What do these things mean? Our panels today will address some of these issues.

In the theory of shared infrastructure, the operating costs can be higher when we work independently. Improvements don't happen that quickly. Common infrastructure can help address inefficiencies and operational gaps. We're also going to focus on networks. We're going to try to understand the operational gaps and how some of these problems can be addressed with shared infrastructure.

 

How is the world of philanthropy changing and what does it mean for community development? What is the role of the internet in fund raising?

 

 

 

 

Current business models limit our collective future. Pooled offerings can reduce risk, and help to create the volume to address the Wall Street hurdle. What really needs to be standardized?

 

 

We believe that collaborative systems can contribute to a stronger organizations and a stronger industry.

We tried to map the industry and develop a model of all the players. We came up with a set of key players in the industry. We started with the industry players in the middle. Then we have the customers ; the investors, the policy makers and industry intermediaries. All these are part of the model that makes up the industry structure.

These different players seem to configure into several different types of industry models.

 

The dominant dynamic that seems to be present is the one between the corporation and the customer. In this dynamic the investors only come into play when you aren't raising enough money through operations and serving the customers.

 

 

 

The next type of industry model we see is an industry with a lot of small players and a few larger ones. The customer and the organization still is dominant but the industry association begins to play an intermediary role and helps get to the customer.

 

 

 

In this model we find much of the community development sector. This is the most complicated one in many ways. Investors and policy makers play a big role as do trade associations. In many cases we see the customer being left out of the picture in this model. Strangely enough we neglect the customer because we are tending to the funders and their needs. The weakest part of many of the applications I saw was in the area of market research.

 

 

In an industry that is dominated by smaller players there are a lot of opportunities to collaborate and create shared infrastructure. Networks of smaller players can provide greater volume with increased efficiency.
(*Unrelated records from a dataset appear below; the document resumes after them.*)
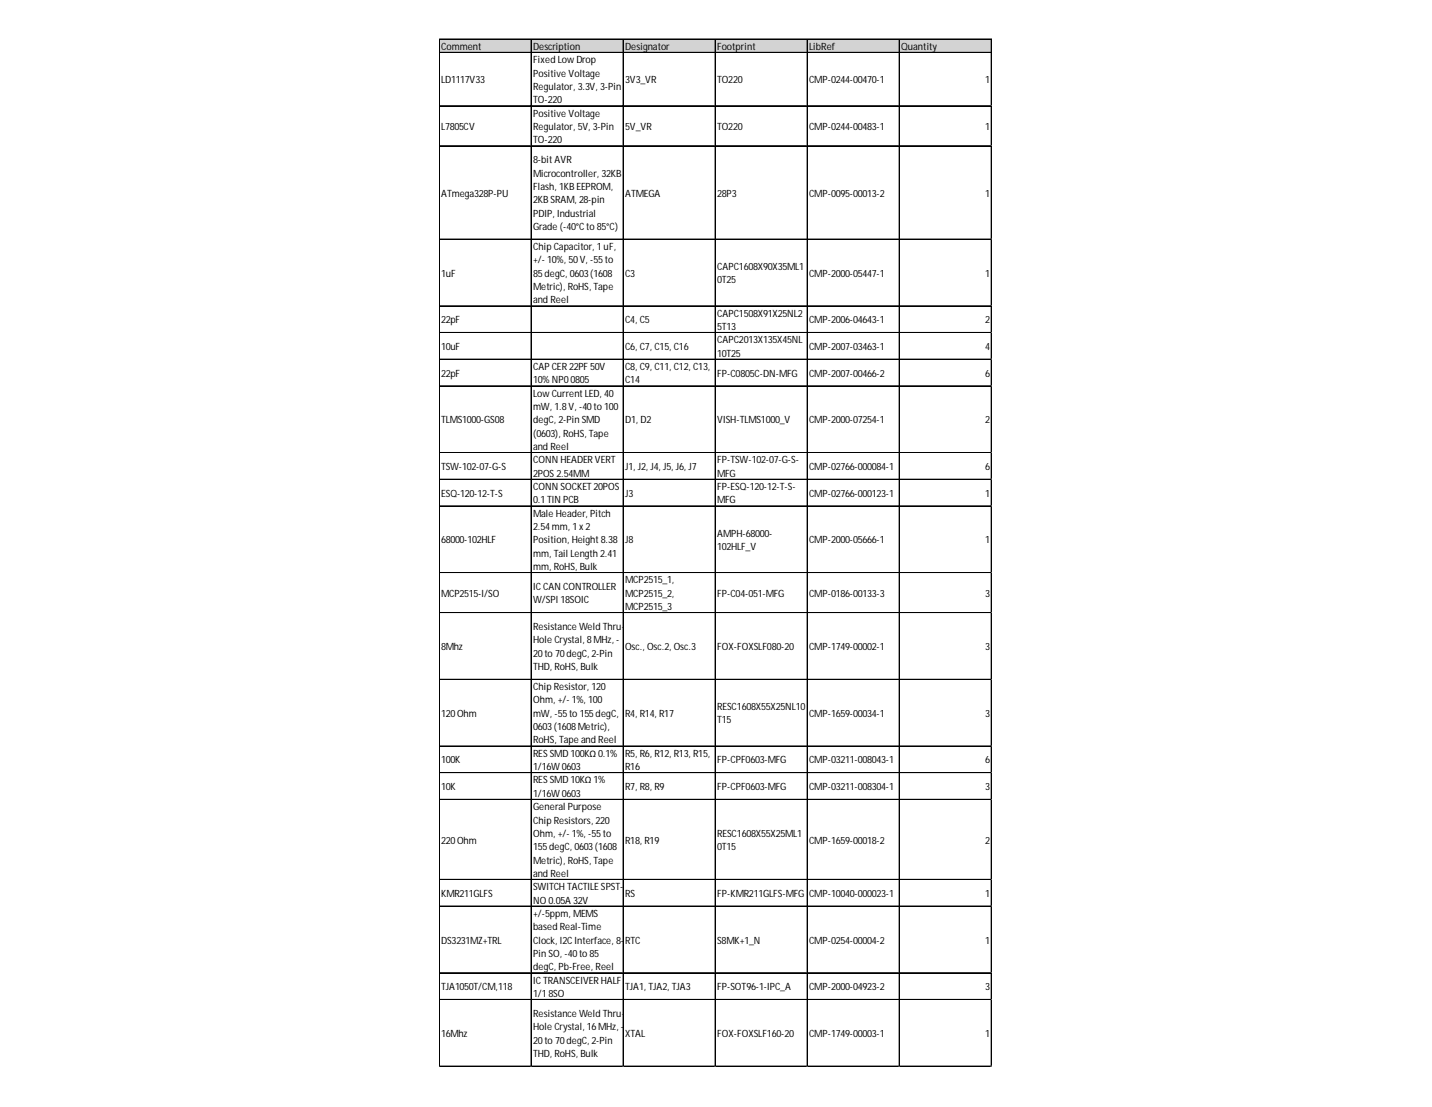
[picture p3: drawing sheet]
<svg xmlns="http://www.w3.org/2000/svg" width="279mm" height="216mm" viewBox="0 0 279 216" stroke-linecap="round" stroke-linejoin="round" font-family="sans-serif">
<defs><g id="words">
<g font-size="2">
<text x="86" y="9.7">Comment</text>
<text x="104" y="9.7">Description</text>
<text x="122" y="9.7">Designator</text>
<text x="139.9" y="9.7">Footprint</text>
<text x="157.9" y="9.7">LibRef</text>
<text x="175.8" y="9.7">Quantity</text>
<text x="86" y="16.2">LD1117V33</text>
<text x="104" y="12.3">Fixed Low Drop</text>
<text x="104" y="14.9">Positive Voltage</text>
<text x="104" y="17.5">Regulator, 3.3V, 3-Pin</text>
<text x="122" y="16.2">3V3_VR</text>
<text x="139.9" y="16.2">TO220</text>
<text x="157.9" y="16.2">CMP-0244-00470-1</text>
<text x="192.2" y="16.2">1</text>
<text x="104" y="20.1">TO-220</text>
<text x="104" y="22.7">Positive Voltage</text>
<text x="86" y="25.3">L7805CV</text>
<text x="104" y="25.3">Regulator, 5V, 3-Pin</text>
<text x="104" y="27.9">TO-220</text>
<text x="122" y="25.3">5V_VR</text>
<text x="139.9" y="25.3">TO220</text>
<text x="157.9" y="25.3">CMP-0244-00483-1</text>
<text x="192.2" y="25.3">1</text>
<text x="104" y="31.8">8-bit AVR</text>
<text x="104" y="34.4">Microcontroller, 32KB</text>
<text x="86" y="38.3">ATmega328P-PU</text>
<text x="104" y="37">Flash, 1KB EEPROM,</text>
<text x="104" y="39.6">2KB SRAM, 28-pin</text>
<text x="122" y="38.3">ATMEGA</text>
<text x="139.9" y="38.3">28P3</text>
<text x="157.9" y="38.3">CMP-0095-00013-2</text>
<text x="192.2" y="38.3">1</text>
<text x="104" y="42.2">PDIP, Industrial</text>
<text x="104" y="44.8">Grade (-40°C to 85°C)</text>
<text x="86" y="53.9">1uF</text>
<text x="104" y="48.7">Chip Capacitor, 1uF,</text>
<text x="104" y="51.3">+/- 10%, 50V, -55to</text>
<text x="104" y="53.9">85degC, 0603(1608</text>
<text x="122" y="53.9">C3</text>
<text x="139.9" y="52.6">CAPC1608X90X35ML1</text>
<text x="157.9" y="53.9">CMP-2000-05447-1</text>
<text x="192.2" y="53.9">1</text>
<text x="104" y="56.5">Metric), RoHS, Tape</text>
<text x="104" y="59.2">and Reel</text>
<text x="139.9" y="55.2">0T25</text>
<text x="86" y="63.1">22pF</text>
<text x="122" y="63.1">C4, C5</text>
<text x="139.9" y="61.8">CAPC1508X91X25NL2</text>
<text x="139.9" y="64.4">5T13</text>
<text x="157.9" y="63.1">CMP-2006-04643-1</text>
<text x="192.2" y="63.1">2</text>
<text x="86" y="68.3">10uF</text>
<text x="122" y="68.3">C6, C7, C15, C16</text>
<text x="139.9" y="67">CAPC2013X135X45NL</text>
<text x="139.9" y="69.6">10T25</text>
<text x="157.9" y="68.3">CMP-2007-03463-1</text>
<text x="192.2" y="68.3">4</text>
<text x="86" y="73.5">22pF</text>
<text x="104" y="72.2">CAP CER 22PF 50V</text>
<text x="104" y="74.8">10% NP00805</text>
<text x="104" y="77.4">Low Current LED, 40</text>
<text x="122" y="72.2">C8, C9, C11, C12, C13,</text>
<text x="122" y="74.8">C14</text>
<text x="139.9" y="73.5">FP-C0805C-DN-MFG</text>
<text x="157.9" y="73.5">CMP-2007-00466-2</text>
<text x="192.2" y="73.5">6</text>
<text x="86" y="82.6">TLMS1000-GS08</text>
<text x="104" y="80">mW, 1.8V, -40to 100</text>
<text x="104" y="82.6">degC, 2-Pin SMD</text>
<text x="122" y="82.6">D1, D2</text>
<text x="139.9" y="82.6">VISH-TLMS1000_V</text>
<text x="157.9" y="82.6">CMP-2000-07254-1</text>
<text x="192.2" y="82.6">2</text>
<text x="104" y="85.2">(0603), RoHS, Tape</text>
<text x="104" y="87.8">and Reel</text>
<text x="86" y="91.7">TSW-102-07-G-S</text>
<text x="104" y="90.4">CONN HEADER VERT</text>
<text x="104" y="93">2POS 2.54MM</text>
<text x="104" y="95.6">CONN SOCKET 20POS</text>
<text x="122" y="91.7">J1, J2, J4, J5, J6, J7</text>
<text x="139.9" y="90.4">FP-TSW-102-07-G-S-</text>
<text x="139.9" y="93">MFG</text>
<text x="139.9" y="95.6">FP-ESQ-120-12-T-S-</text>
<text x="157.9" y="91.7">CMP-02766-000084-1</text>
<text x="192.2" y="91.7">6</text>
<text x="86" y="96.9">ESQ-120-12-T-S</text>
<text x="104" y="98.2">0.1TIN PCB</text>
<text x="104" y="100.8">Male Header, Pitch</text>
<text x="122" y="96.9">J3</text>
<text x="139.9" y="98.2">MFG</text>
<text x="157.9" y="96.9">CMP-02766-000123-1</text>
<text x="192.2" y="96.9">1</text>
<text x="86" y="106">68000-102HLF</text>
<text x="104" y="103.4">2.54mm, 1x 2</text>
<text x="104" y="106">Position, Height 8.38</text>
<text x="122" y="106">J8</text>
<text x="139.9" y="104.7">AMPH-68000-</text>
<text x="139.9" y="107.3">102HLF_V</text>
<text x="157.9" y="106">CMP-2000-05666-1</text>
<text x="192.2" y="106">1</text>
<text x="104" y="108.6">mm, Tail Length 2.41</text>
<text x="104" y="111.2">mm, RoHS, Bulk</text>
<text x="122" y="113.8">MCP2515_1,</text>
<text x="86" y="116.4">MCP2515-I/SO</text>
<text x="104" y="115.1">IC CAN CONTROLLER</text>
<text x="104" y="117.7">W/SPI 18SOIC</text>
<text x="122" y="116.4">MCP2515_2,</text>
<text x="122" y="119">MCP2515_3</text>
<text x="139.9" y="116.4">FP-C04-051-MFG</text>
<text x="157.9" y="116.4">CMP-0186-00133-3</text>
<text x="192.2" y="116.4">3</text>
<text x="104" y="122.9">Resistance Weld Thru-</text>
<text x="104" y="125.5">Hole Crystal, 8MHz, -</text>
<text x="86" y="126.8">8Mhz</text>
<text x="104" y="128.1">20to 70degC, 2-Pin</text>
<text x="104" y="130.7">THD, RoHS, Bulk</text>
<text x="122" y="126.8">Osc., Osc.2, Osc.3</text>
<text x="139.9" y="126.8">FOX-FOXSLF080-20</text>
<text x="157.9" y="126.8">CMP-1749-00002-1</text>
<text x="192.2" y="126.8">3</text>
<text x="104" y="134.6">Chip Resistor, 120</text>
<text x="104" y="137.2">Ohm, +/- 1%, 100</text>
<text x="86" y="139.8">120Ohm</text>
<text x="104" y="139.8">mW, -55to 155degC,</text>
<text x="104" y="142.4">0603(1608Metric),</text>
<text x="122" y="139.8">R4, R14, R17</text>
<text x="139.9" y="138.5">RESC1608X55X25NL10</text>
<text x="139.9" y="141.1">T15</text>
<text x="157.9" y="139.8">CMP-1659-00034-1</text>
<text x="192.2" y="139.8">3</text>
<text x="86" y="148.9">100K</text>
<text x="104" y="145">RoHS, Tape and Reel</text>
<text x="104" y="147.6">RES SMD 100KΩ 0.1%</text>
<text x="122" y="147.6">R5, R6, R12, R13, R15,</text>
<text x="139.9" y="148.9">FP-CPF0603-MFG</text>
<text x="157.9" y="148.9">CMP-03211-008043-1</text>
<text x="192.2" y="148.9">6</text>
<text x="86" y="154.1">10K</text>
<text x="104" y="150.2">1/16W 0603</text>
<text x="104" y="152.8">RES SMD 10KΩ 1%</text>
<text x="104" y="155.4">1/16W 0603</text>
<text x="122" y="150.2">R16</text>
<text x="122" y="154.1">R7, R8, R9</text>
<text x="139.9" y="154.1">FP-CPF0603-MFG</text>
<text x="157.9" y="154.1">CMP-03211-008304-1</text>
<text x="192.2" y="154.1">3</text>
<text x="104" y="158">General Purpose</text>
<text x="104" y="160.6">Chip Resistors, 220</text>
<text x="86" y="164.5">220Ohm</text>
<text x="104" y="163.2">Ohm, +/- 1%, -55to</text>
<text x="104" y="165.8">155degC, 0603(1608</text>
<text x="122" y="164.5">R18, R19</text>
<text x="139.9" y="163.2">RESC1608X55X25ML1</text>
<text x="139.9" y="165.8">0T15</text>
<text x="157.9" y="164.5">CMP-1659-00018-2</text>
<text x="192.2" y="164.5">2</text>
<text x="104" y="168.4">Metric), RoHS, Tape</text>
<text x="104" y="171">and Reel</text>
<text x="104" y="173.6">SWITCH TACTILE SPST-</text>
<text x="86" y="174.9">KMR211GLFS</text>
<text x="104" y="176.2">NO 0.05A 32V</text>
<text x="104" y="178.8">+/-5ppm, MEMS</text>
<text x="122" y="174.9">RS</text>
<text x="139.9" y="174.9">FP-KMR211GLFS-MFG</text>
<text x="157.9" y="174.9">CMP-10040-000023-1</text>
<text x="192.2" y="174.9">1</text>
<text x="86" y="184">DS3231MZ+TRL</text>
<text x="104" y="181.4">based Real-Time</text>
<text x="104" y="184">Clock, I2C Interface, 8-</text>
<text x="122" y="184">RTC</text>
<text x="139.9" y="184">S8MK+1_N</text>
<text x="157.9" y="184">CMP-0254-00004-2</text>
<text x="192.2" y="184">1</text>
<text x="104" y="186.6">Pin SO, -40to 85</text>
<text x="104" y="189.2">degC, Pb-Free, Reel</text>
<text x="104" y="191.8">IC TRANSCEIVER HALF</text>
<text x="86" y="193.1">TJA1050T/CM,118</text>
<text x="104" y="194.4">1/18SO</text>
<text x="122" y="193.1">TJA1, TJA2, TJA3</text>
<text x="139.9" y="193.1">FP-SOT96-1-IPC_A</text>
<text x="157.9" y="193.1">CMP-2000-04923-2</text>
<text x="192.2" y="193.1">3</text>
<text x="86" y="202.2">16Mhz</text>
<text x="104" y="198.3">Resistance Weld Thru-</text>
<text x="104" y="200.9">Hole Crystal, 16MHz, -</text>
<text x="104" y="203.5">20to 70degC, 2-Pin</text>
<text x="122" y="202.2">XTAL</text>
<text x="139.9" y="202.2">FOX-FOXSLF160-20</text>
<text x="157.9" y="202.2">CMP-1749-00003-1</text>
<text x="192.2" y="202.2">1</text>
<text x="104" y="206.1">THD, RoHS, Bulk</text>
</g>
</g></defs>
<path d="M85.7 7.7h107.9v2.6h-107.9z" fill="#d3d3d3"/>
<g fill="none" stroke="#000" stroke-width=".2">
<path d="M85.7 7.6v200.5M85.8 7.6h107.7M85.8 7.7h107.7M85.8 10.2h107.7M85.8 10.3h107.7M103.6 7.7v200.4M103.7 7.7v200.4M121.6 7.7v200.4M139.5 7.7v200.4M139.6 7.7v200.4M157.5 7.7v200.4M175.4 7.7v200.4"/>
<path d="M175.5 7.7v200.4M193.4 7.7v200.4M193.5 7.7v200.4M85.8 20.6h107.7M85.8 20.7h107.7M85.8 28.4h107.7M85.8 28.5h107.7M85.8 46.6h107.7M85.8 46.7h107.7M85.8 59.6h107.7M85.8 59.7h107.7M85.8 64.8h107.7"/>
<path d="M85.8 64.9h107.7M85.8 70h107.7M85.8 70.1h107.7M85.8 75.2h107.7M85.8 75.3h107.7M85.8 88.3h107.7M85.8 93.5h107.7M85.8 98.7h107.7M85.8 111.7h107.7M85.8 119.5h107.7M85.8 132.5h107.7M85.8 145.5h107.7"/>
<path d="M85.8 145.6h107.7M85.8 150.7h107.7M85.8 150.8h107.7M85.8 155.9h107.7M85.8 156h107.7M85.8 171.5h107.7M85.8 171.6h107.7M85.8 176.7h107.7M85.8 176.8h107.7M85.8 189.7h107.7M85.8 189.8h107.7M85.8 194.9h107.7"/>
<path d="M85.8 195h107.7M85.8 207.9h107.7M85.8 208h107.7"/>
</g>
<path d="M85.7 208.1h.1" fill="none" stroke="#d4d4d4" stroke-width=".2"/>
<path d="M85.7 208.1h.1z" fill="#d4d4d4"/>
<path d="M103.6 208.1h.1" fill="none" stroke="#d4d4d4" stroke-width=".2"/>
<path d="M103.6 208.1h.1z" fill="#d4d4d4"/>
<path d="M121.6 208.1h.1" fill="none" stroke="#d4d4d4" stroke-width=".2"/>
<path d="M121.6 208.1h.1z" fill="#d4d4d4"/>
<path d="M139.5 208.1h.1" fill="none" stroke="#d4d4d4" stroke-width=".2"/>
<path d="M139.5 208.1h.2z" fill="#d4d4d4"/>
<path d="M157.5 208.1h.1" fill="none" stroke="#d4d4d4" stroke-width=".2"/>
<path d="M157.5 208.1h.1z" fill="#d4d4d4"/>
<path d="M175.4 208.1h.1" fill="none" stroke="#d4d4d4" stroke-width=".2"/>
<path d="M175.4 208.1h.2z" fill="#d4d4d4"/>
<path d="M193.4 208.1h.1" fill="none" stroke="#d4d4d4" stroke-width=".2"/>
<path d="M193.4 208.1h.1z" fill="#d4d4d4"/>
<path d="M193.5 20.6h.1" fill="none" stroke="#d4d4d4" stroke-width=".2"/>
<path d="M193.5 20.6l.1 .1z" fill="#d4d4d4"/>
<path d="M193.5 28.4h.1" fill="none" stroke="#d4d4d4" stroke-width=".2"/>
<path d="M193.5 28.4l.1 .1z" fill="#d4d4d4"/>
<path d="M193.5 46.6h.1" fill="none" stroke="#d4d4d4" stroke-width=".2"/>
<path d="M193.5 46.6l.1 .2z" fill="#d4d4d4"/>
<path d="M193.5 59.6h.1" fill="none" stroke="#d4d4d4" stroke-width=".2"/>
<path d="M193.5 59.6l.1 .2z" fill="#d4d4d4"/>
<path d="M193.5 64.8h.1" fill="none" stroke="#d4d4d4" stroke-width=".2"/>
<path d="M193.5 64.8l.1 .2z" fill="#d4d4d4"/>
<path d="M193.5 70h.1" fill="none" stroke="#d4d4d4" stroke-width=".2"/>
<path d="M193.5 70l.1 .2z" fill="#d4d4d4"/>
<path d="M193.5 75.2h.1" fill="none" stroke="#d4d4d4" stroke-width=".2"/>
<path d="M193.5 75.2l.1 .2z" fill="#d4d4d4"/>
<path d="M193.5 88.3h.1" fill="none" stroke="#d4d4d4" stroke-width=".2"/>
<path d="M193.5 88.3l.1 .1z" fill="#d4d4d4"/>
<path d="M193.5 93.5h.1" fill="none" stroke="#d4d4d4" stroke-width=".2"/>
<path d="M193.5 93.5l.1 .1z" fill="#d4d4d4"/>
<path d="M193.5 98.7h.1" fill="none" stroke="#d4d4d4" stroke-width=".2"/>
<path d="M193.5 98.7l.1 .1z" fill="#d4d4d4"/>
<path d="M193.5 111.7h.1" fill="none" stroke="#d4d4d4" stroke-width=".2"/>
<path d="M193.5 111.7l.1 .1z" fill="#d4d4d4"/>
<path d="M193.5 119.5h.1" fill="none" stroke="#d4d4d4" stroke-width=".2"/>
<path d="M193.5 119.5l.1 .1z" fill="#d4d4d4"/>
<path d="M193.5 132.5h.1" fill="none" stroke="#d4d4d4" stroke-width=".2"/>
<path d="M193.5 132.5l.1 .1z" fill="#d4d4d4"/>
<path d="M193.5 145.5h.1" fill="none" stroke="#d4d4d4" stroke-width=".2"/>
<path d="M193.5 145.5l.1 .1z" fill="#d4d4d4"/>
<path d="M193.5 150.7h.1" fill="none" stroke="#d4d4d4" stroke-width=".2"/>
<path d="M193.5 150.7l.1 .1z" fill="#d4d4d4"/>
<path d="M193.5 155.9h.1" fill="none" stroke="#d4d4d4" stroke-width=".2"/>
<path d="M193.5 155.9l.1 .1z" fill="#d4d4d4"/>
<path d="M193.5 171.5h.1" fill="none" stroke="#d4d4d4" stroke-width=".2"/>
<path d="M193.5 171.5l.1 .1z" fill="#d4d4d4"/>
<path d="M193.5 176.7h.1" fill="none" stroke="#d4d4d4" stroke-width=".2"/>
<path d="M193.5 176.7l.1 .1z" fill="#d4d4d4"/>
<path d="M193.5 189.7h.1" fill="none" stroke="#d4d4d4" stroke-width=".2"/>
<path d="M193.5 189.7l.1 .1z" fill="#d4d4d4"/>
<path d="M193.5 194.9h.1" fill="none" stroke="#d4d4d4" stroke-width=".2"/>
<path d="M193.5 194.9l.1 .1z" fill="#d4d4d4"/>
<path d="M193.5 207.9h.1" fill="none" stroke="#d4d4d4" stroke-width=".2"/>
<path d="M193.5 207.9l.1 .2z" fill="#d4d4d4"/>
<use href="#words"/>
</svg>

The network can support access to capital and there can be strong training and development efforts to support management. And of course we can improve our infrastructure to support in areas like legal, regulatory and policy.

 

Collaborative business models can produce higher quality programs and can possibly provide more diversified and comprehensive programming and can promote long term sustainability.

 

 

 

This is our wish list. These collaborative business models can lower costs, make fundraising easier, produce higher quality programs and create greater impact.

The good news is we are going to hear from a range of organizations that have gotten close to achieving this wish list.

You have copies of this and we'll have people demonstrating these things.

Questions

We have time for a couple of questions. Any questions about the presentation?

Developing your business models. How are you doing this? Are you constantly refining it? When do you move the business model along?

If you look at the article it has a chart that shows the process of reinvention is ongoing and never ending. Organizations need to look for external shocks and how to reposition our business to be more sustainable.

What did you learn about failure? In thinking about business models - my experience is that failure is not promoted or encouraged or tolerated.

That is a great question. One of the things that happened when we presented this study. We didn't do that - look at companies that didn't make it. If you think about the iterative process of product development, most companies use a portfolio approach to product development (the venture capital model). That is different then what we do in our industry.

In the book you will see an iterative loop and you can go around and fix something but at some point some things don't fix. Some things that don't fix lead to other things that are successful.